• [What to do]
An unchanged copy of every record below, without pictures, is the goal.

++++ Input data ++++

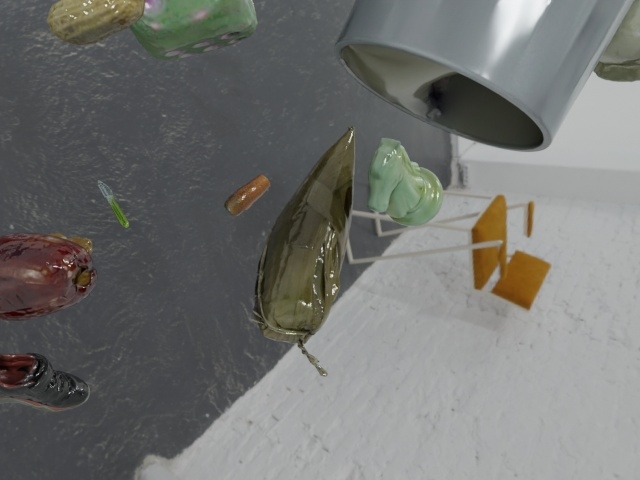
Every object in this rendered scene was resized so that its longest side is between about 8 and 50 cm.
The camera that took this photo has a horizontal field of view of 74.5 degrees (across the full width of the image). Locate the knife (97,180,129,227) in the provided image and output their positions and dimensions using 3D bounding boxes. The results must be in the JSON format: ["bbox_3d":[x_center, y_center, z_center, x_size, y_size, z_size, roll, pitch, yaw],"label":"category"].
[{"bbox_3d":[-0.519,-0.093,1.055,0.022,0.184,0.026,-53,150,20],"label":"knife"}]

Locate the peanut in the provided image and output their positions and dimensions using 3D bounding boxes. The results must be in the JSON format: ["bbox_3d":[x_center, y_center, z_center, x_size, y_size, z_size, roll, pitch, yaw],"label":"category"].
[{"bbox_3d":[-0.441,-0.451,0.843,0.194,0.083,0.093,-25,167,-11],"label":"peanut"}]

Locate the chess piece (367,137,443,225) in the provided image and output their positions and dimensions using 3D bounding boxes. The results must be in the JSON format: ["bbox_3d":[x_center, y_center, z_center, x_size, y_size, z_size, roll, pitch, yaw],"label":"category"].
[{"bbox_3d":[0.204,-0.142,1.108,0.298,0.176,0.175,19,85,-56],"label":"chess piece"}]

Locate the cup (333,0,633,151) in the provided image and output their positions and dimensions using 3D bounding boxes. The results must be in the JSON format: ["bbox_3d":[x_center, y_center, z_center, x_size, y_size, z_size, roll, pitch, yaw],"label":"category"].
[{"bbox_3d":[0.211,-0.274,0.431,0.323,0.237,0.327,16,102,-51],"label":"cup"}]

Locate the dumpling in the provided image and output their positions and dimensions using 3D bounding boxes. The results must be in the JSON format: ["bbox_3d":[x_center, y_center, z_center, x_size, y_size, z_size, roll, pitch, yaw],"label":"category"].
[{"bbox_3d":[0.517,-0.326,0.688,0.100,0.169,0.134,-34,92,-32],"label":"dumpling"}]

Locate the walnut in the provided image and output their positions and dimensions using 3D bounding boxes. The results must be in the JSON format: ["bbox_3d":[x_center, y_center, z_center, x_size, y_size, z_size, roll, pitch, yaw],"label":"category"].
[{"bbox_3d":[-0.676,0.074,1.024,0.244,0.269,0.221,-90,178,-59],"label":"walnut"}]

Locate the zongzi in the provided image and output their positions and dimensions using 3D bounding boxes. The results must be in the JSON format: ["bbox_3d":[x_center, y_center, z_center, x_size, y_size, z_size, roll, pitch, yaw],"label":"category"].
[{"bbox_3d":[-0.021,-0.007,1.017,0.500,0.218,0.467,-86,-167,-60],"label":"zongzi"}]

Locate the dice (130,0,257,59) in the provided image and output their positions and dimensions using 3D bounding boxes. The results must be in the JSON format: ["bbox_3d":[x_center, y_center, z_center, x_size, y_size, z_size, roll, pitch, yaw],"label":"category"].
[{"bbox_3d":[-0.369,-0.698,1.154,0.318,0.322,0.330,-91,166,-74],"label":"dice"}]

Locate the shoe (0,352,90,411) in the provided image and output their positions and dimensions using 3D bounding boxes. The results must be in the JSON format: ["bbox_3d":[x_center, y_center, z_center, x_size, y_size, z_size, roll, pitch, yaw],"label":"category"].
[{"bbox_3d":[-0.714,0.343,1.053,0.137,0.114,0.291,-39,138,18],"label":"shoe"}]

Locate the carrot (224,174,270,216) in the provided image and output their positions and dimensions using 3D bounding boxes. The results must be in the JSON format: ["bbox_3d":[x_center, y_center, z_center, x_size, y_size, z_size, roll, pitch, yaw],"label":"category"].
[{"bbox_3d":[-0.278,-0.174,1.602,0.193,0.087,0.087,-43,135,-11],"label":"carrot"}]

++++

• [Expected output]
Every object in this rendered scene was resized so that its longest side is between about 8 and 50 cm.
The camera that took this photo has a horizontal field of view of 74.5 degrees (across the full width of the image). Locate the knife (97,180,129,227) in the provided image and output their positions and dimensions using 3D bounding boxes. The results must be in the JSON format: ["bbox_3d":[x_center, y_center, z_center, x_size, y_size, z_size, roll, pitch, yaw],"label":"category"].
[{"bbox_3d":[-0.519,-0.093,1.055,0.022,0.184,0.026,-53,150,20],"label":"knife"}]

Locate the peanut in the provided image and output their positions and dimensions using 3D bounding boxes. The results must be in the JSON format: ["bbox_3d":[x_center, y_center, z_center, x_size, y_size, z_size, roll, pitch, yaw],"label":"category"].
[{"bbox_3d":[-0.441,-0.451,0.843,0.194,0.083,0.093,-25,167,-11],"label":"peanut"}]

Locate the chess piece (367,137,443,225) in the provided image and output their positions and dimensions using 3D bounding boxes. The results must be in the JSON format: ["bbox_3d":[x_center, y_center, z_center, x_size, y_size, z_size, roll, pitch, yaw],"label":"category"].
[{"bbox_3d":[0.204,-0.142,1.108,0.298,0.176,0.175,19,85,-56],"label":"chess piece"}]

Locate the cup (333,0,633,151) in the provided image and output their positions and dimensions using 3D bounding boxes. The results must be in the JSON format: ["bbox_3d":[x_center, y_center, z_center, x_size, y_size, z_size, roll, pitch, yaw],"label":"category"].
[{"bbox_3d":[0.211,-0.274,0.431,0.323,0.237,0.327,16,102,-51],"label":"cup"}]

Locate the dumpling in the provided image and output their positions and dimensions using 3D bounding boxes. The results must be in the JSON format: ["bbox_3d":[x_center, y_center, z_center, x_size, y_size, z_size, roll, pitch, yaw],"label":"category"].
[{"bbox_3d":[0.517,-0.326,0.688,0.100,0.169,0.134,-34,92,-32],"label":"dumpling"}]

Locate the walnut in the provided image and output their positions and dimensions using 3D bounding boxes. The results must be in the JSON format: ["bbox_3d":[x_center, y_center, z_center, x_size, y_size, z_size, roll, pitch, yaw],"label":"category"].
[{"bbox_3d":[-0.676,0.074,1.024,0.244,0.269,0.221,-90,178,-59],"label":"walnut"}]

Locate the zongzi in the provided image and output their positions and dimensions using 3D bounding boxes. The results must be in the JSON format: ["bbox_3d":[x_center, y_center, z_center, x_size, y_size, z_size, roll, pitch, yaw],"label":"category"].
[{"bbox_3d":[-0.021,-0.007,1.017,0.500,0.218,0.467,-86,-167,-60],"label":"zongzi"}]

Locate the dice (130,0,257,59) in the provided image and output their positions and dimensions using 3D bounding boxes. The results must be in the JSON format: ["bbox_3d":[x_center, y_center, z_center, x_size, y_size, z_size, roll, pitch, yaw],"label":"category"].
[{"bbox_3d":[-0.369,-0.698,1.154,0.318,0.322,0.330,-91,166,-74],"label":"dice"}]

Locate the shoe (0,352,90,411) in the provided image and output their positions and dimensions using 3D bounding boxes. The results must be in the JSON format: ["bbox_3d":[x_center, y_center, z_center, x_size, y_size, z_size, roll, pitch, yaw],"label":"category"].
[{"bbox_3d":[-0.714,0.343,1.053,0.137,0.114,0.291,-39,138,18],"label":"shoe"}]

Locate the carrot (224,174,270,216) in the provided image and output their positions and dimensions using 3D bounding boxes. The results must be in the JSON format: ["bbox_3d":[x_center, y_center, z_center, x_size, y_size, z_size, roll, pitch, yaw],"label":"category"].
[{"bbox_3d":[-0.278,-0.174,1.602,0.193,0.087,0.087,-43,135,-11],"label":"carrot"}]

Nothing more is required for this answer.